Exercise directions: Return all lines of the records that contain the word "order".

______________________________

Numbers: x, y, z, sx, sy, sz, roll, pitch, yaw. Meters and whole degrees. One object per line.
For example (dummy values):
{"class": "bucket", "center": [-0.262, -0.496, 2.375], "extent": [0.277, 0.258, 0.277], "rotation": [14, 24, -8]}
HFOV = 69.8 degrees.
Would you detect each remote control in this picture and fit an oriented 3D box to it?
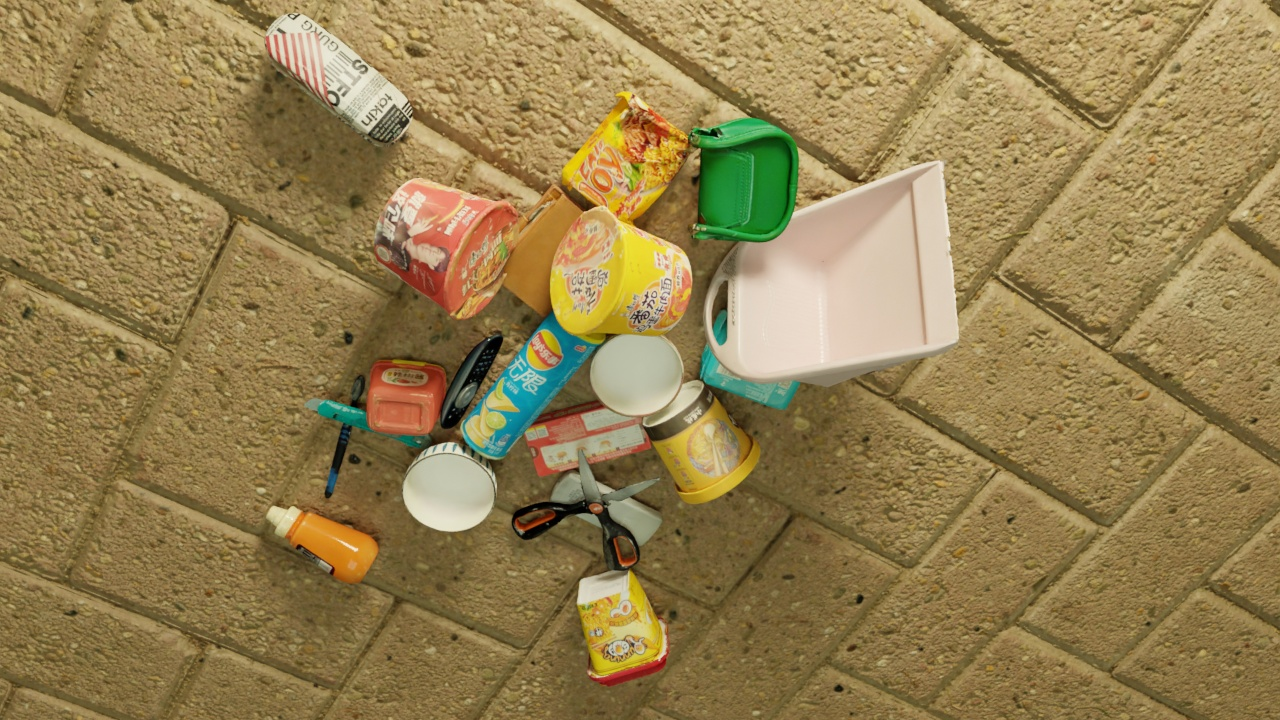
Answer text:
{"class": "remote control", "center": [-0.046, 0.196, 1.223], "extent": [0.150, 0.021, 0.058], "rotation": [29, 118, -15]}
{"class": "remote control", "center": [-0.210, 0.022, 1.116], "extent": [0.024, 0.053, 0.136], "rotation": [34, 103, 13]}

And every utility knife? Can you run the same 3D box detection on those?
{"class": "utility knife", "center": [-0.335, 0.079, 1.142], "extent": [0.166, 0.013, 0.029], "rotation": [22, 110, -24]}

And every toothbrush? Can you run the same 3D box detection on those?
{"class": "toothbrush", "center": [-0.377, 0.101, 1.161], "extent": [0.014, 0.016, 0.190], "rotation": [18, 113, -11]}

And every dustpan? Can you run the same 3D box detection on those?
{"class": "dustpan", "center": [0.193, -0.080, 0.991], "extent": [0.138, 0.222, 0.274], "rotation": [15, 150, -22]}

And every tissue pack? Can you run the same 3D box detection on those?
{"class": "tissue pack", "center": [0.145, -0.001, 1.130], "extent": [0.133, 0.050, 0.093], "rotation": [20, 110, -13]}

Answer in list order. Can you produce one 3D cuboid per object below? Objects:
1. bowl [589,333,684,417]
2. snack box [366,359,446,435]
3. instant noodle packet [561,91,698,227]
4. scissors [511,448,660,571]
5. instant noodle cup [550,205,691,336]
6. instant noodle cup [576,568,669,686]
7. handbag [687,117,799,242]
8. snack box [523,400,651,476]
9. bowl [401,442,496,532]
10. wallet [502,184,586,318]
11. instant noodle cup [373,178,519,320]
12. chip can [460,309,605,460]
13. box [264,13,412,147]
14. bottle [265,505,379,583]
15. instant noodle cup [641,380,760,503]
{"class": "bowl", "center": [-0.007, 0.007, 1.117], "extent": [0.113, 0.062, 0.114], "rotation": [-2, 114, -4]}
{"class": "snack box", "center": [-0.285, 0.049, 1.108], "extent": [0.091, 0.080, 0.082], "rotation": [5, 115, -7]}
{"class": "instant noodle packet", "center": [-0.014, -0.219, 1.023], "extent": [0.110, 0.044, 0.129], "rotation": [34, 108, -15]}
{"class": "scissors", "center": [-0.063, 0.204, 1.198], "extent": [0.234, 0.021, 0.221], "rotation": [-19, 124, 22]}
{"class": "instant noodle cup", "center": [-0.017, -0.088, 1.016], "extent": [0.109, 0.138, 0.138], "rotation": [9, 117, -38]}
{"class": "instant noodle cup", "center": [-0.030, 0.359, 1.258], "extent": [0.116, 0.116, 0.124], "rotation": [-18, 103, 5]}
{"class": "handbag", "center": [0.108, -0.196, 1.013], "extent": [0.120, 0.068, 0.131], "rotation": [-11, 119, -20]}
{"class": "snack box", "center": [-0.068, 0.094, 1.173], "extent": [0.153, 0.025, 0.075], "rotation": [-15, 115, 3]}
{"class": "bowl", "center": [-0.239, 0.153, 1.166], "extent": [0.116, 0.066, 0.117], "rotation": [-1, 114, -3]}
{"class": "wallet", "center": [-0.104, -0.124, 1.067], "extent": [0.108, 0.031, 0.132], "rotation": [37, 107, -22]}
{"class": "instant noodle cup", "center": [-0.214, -0.127, 0.994], "extent": [0.108, 0.137, 0.138], "rotation": [26, 113, 13]}
{"class": "chip can", "center": [-0.132, 0.025, 1.103], "extent": [0.071, 0.071, 0.211], "rotation": [34, 113, -18]}
{"class": "box", "center": [-0.317, -0.294, 0.971], "extent": [0.163, 0.082, 0.075], "rotation": [36, 74, -17]}
{"class": "bottle", "center": [-0.419, 0.233, 1.197], "extent": [0.149, 0.066, 0.067], "rotation": [31, 109, -9]}
{"class": "instant noodle cup", "center": [0.070, 0.097, 1.139], "extent": [0.118, 0.118, 0.114], "rotation": [-33, 105, 11]}
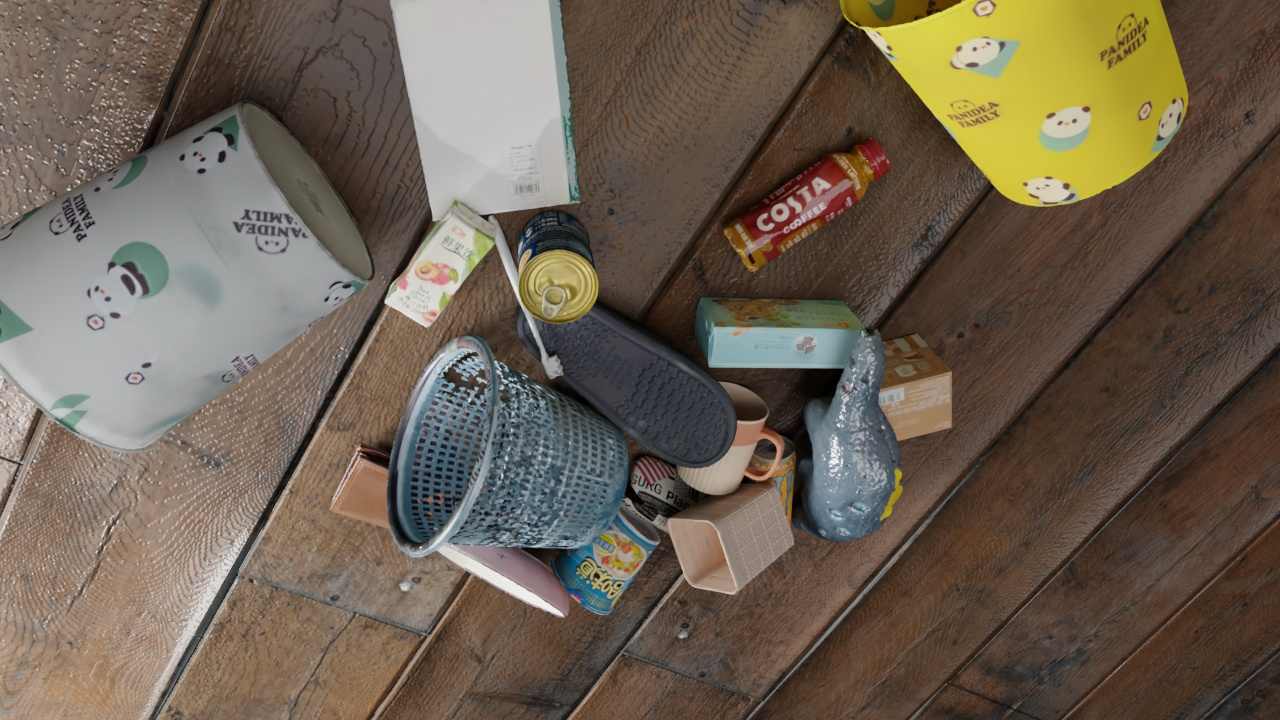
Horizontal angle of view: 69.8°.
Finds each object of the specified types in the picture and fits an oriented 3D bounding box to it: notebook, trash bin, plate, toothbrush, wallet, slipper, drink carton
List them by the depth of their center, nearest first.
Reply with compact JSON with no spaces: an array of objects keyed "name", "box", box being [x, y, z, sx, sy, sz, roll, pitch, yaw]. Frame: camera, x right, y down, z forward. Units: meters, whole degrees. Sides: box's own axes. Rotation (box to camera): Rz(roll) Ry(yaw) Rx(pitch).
[{"name":"trash bin","box":[-0.391,-0.082,0.799,0.252,0.229,0.229,-32,120,2]},{"name":"trash bin","box":[0.342,-0.288,0.808,0.230,0.229,0.255,-41,123,14]},{"name":"notebook","box":[-0.140,-0.238,0.865,0.150,0.012,0.209,-8,121,-7]},{"name":"drink carton","box":[-0.197,-0.096,0.911,0.053,0.045,0.123,32,115,-23]},{"name":"toothbrush","box":[-0.118,-0.064,0.940,0.016,0.016,0.180,-16,105,19]},{"name":"trash bin","box":[-0.129,0.107,0.966,0.195,0.226,0.227,19,115,-34]},{"name":"slipper","box":[-0.006,0.006,0.991,0.268,0.083,0.111,36,115,-3]},{"name":"wallet","box":[-0.281,0.154,1.050,0.124,0.032,0.101,23,124,-20]},{"name":"plate","box":[-0.162,0.234,1.057,0.192,0.193,0.039,39,67,-26]}]

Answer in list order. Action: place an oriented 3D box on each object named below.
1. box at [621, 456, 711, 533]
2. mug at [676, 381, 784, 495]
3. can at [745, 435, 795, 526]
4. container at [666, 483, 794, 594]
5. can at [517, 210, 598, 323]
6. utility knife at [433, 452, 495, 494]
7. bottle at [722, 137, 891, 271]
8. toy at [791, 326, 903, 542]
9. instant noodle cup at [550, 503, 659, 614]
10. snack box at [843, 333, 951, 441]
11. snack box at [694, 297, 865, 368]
[{"name":"box","box":[0.051,0.171,1.107,0.163,0.076,0.086,33,92,-22]},{"name":"mug","box":[0.105,0.095,1.048,0.114,0.081,0.106,24,120,15]},{"name":"can","box":[0.157,0.164,1.120,0.058,0.058,0.146,-5,120,-7]},{"name":"container","box":[0.108,0.199,1.056,0.110,0.090,0.090,-25,100,-35]},{"name":"can","box":[-0.083,-0.094,0.901,0.075,0.111,0.075,-3,120,-6]},{"name":"utility knife","box":[-0.183,0.151,1.079,0.174,0.013,0.029,36,110,-24]},{"name":"bottle","box":[0.170,-0.161,0.937,0.175,0.057,0.057,-34,119,10]},{"name":"toy","box":[0.228,0.120,1.020,0.091,0.137,0.357,-10,136,-14]},{"name":"instant noodle cup","box":[-0.036,0.234,1.111,0.099,0.099,0.110,37,100,-26]},{"name":"snack box","box":[0.292,0.033,1.047,0.093,0.094,0.077,-14,121,-2]},{"name":"snack box","box":[0.150,-0.030,0.998,0.174,0.074,0.052,0,118,-10]}]

______________________________

Your response:
Answer in list order. Can you produce one 3D cuboid per object below? Objects:
Answer in list order. Action: place an oriented 3D box on each object named below.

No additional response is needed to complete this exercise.